The 53-year-old stadium in Washington brought fear and media attention as chunks of concrete fell right in front of the press section during football game. Renovate or demolish? Support for the second option is growing.
RFK Stadium is a famous one for baseball fans in the US. Less so for DC United football supporters, but over the years of playing here many of them developed sympathy for the oversized home.
Now it may be time to part as the state of this structure is questioned. On Wednesday, during Copa Centroamericana game between Guatemala and El Salvador, a couple large pieces of concrete fell from the ceiling of the press section overhang and landed right in front of reporters. No-one was hurt, but doubts over the stadium’s lifespan are raised. One look up and spectators saw this, a clear sign that something needs to be done:
This isn’t the first case of this kind, too. As long as 15 years ago a local reporter saw large pieces of concrete fall onto empty seats during gameplay. Over the last two years Washington spent $10 million on repairs, but the result is insufficient to say the least.

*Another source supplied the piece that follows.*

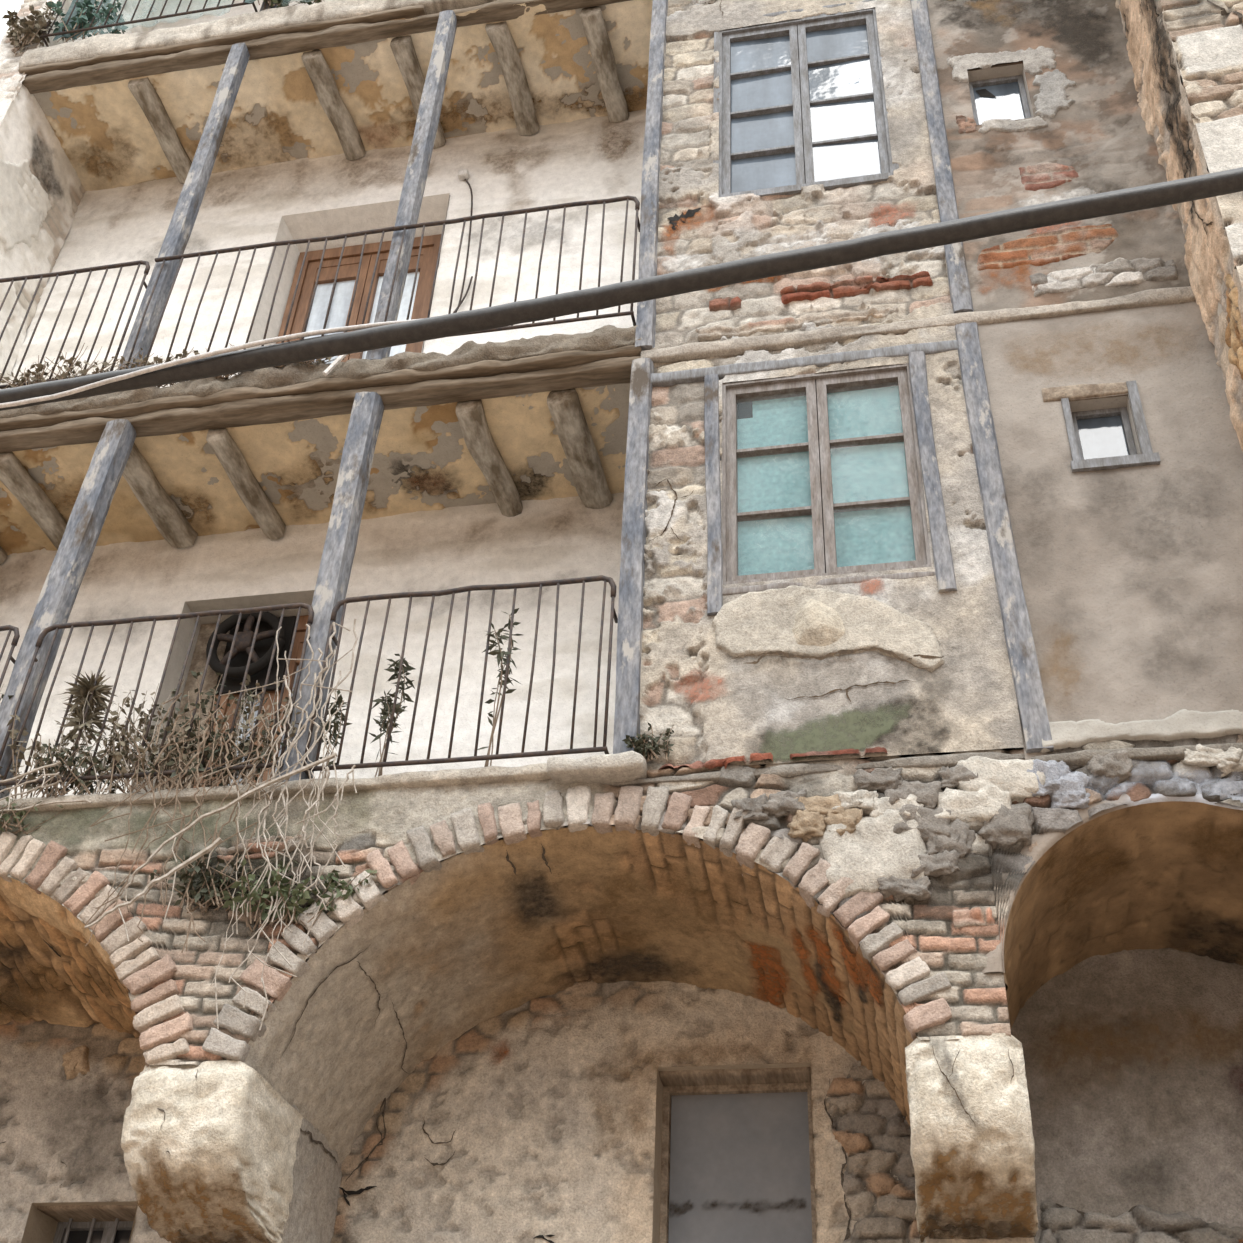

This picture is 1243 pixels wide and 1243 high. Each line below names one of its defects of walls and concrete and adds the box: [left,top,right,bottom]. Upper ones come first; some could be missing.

Councilman Jack Evans suggests sports at the site can only be played at a brand new stadium. “The cost of doing anything to RFK Stadium is way more expensive than tearing it down and building a new stadium,” Evans said.
Evans is a big supporter of the new DC United stadium at Buzzard Point, which seems to be the first realistic relocation option for the football club. If United leave RFK, the stadium will be left with no major tenant and the sense of its existence in current shape will be gone.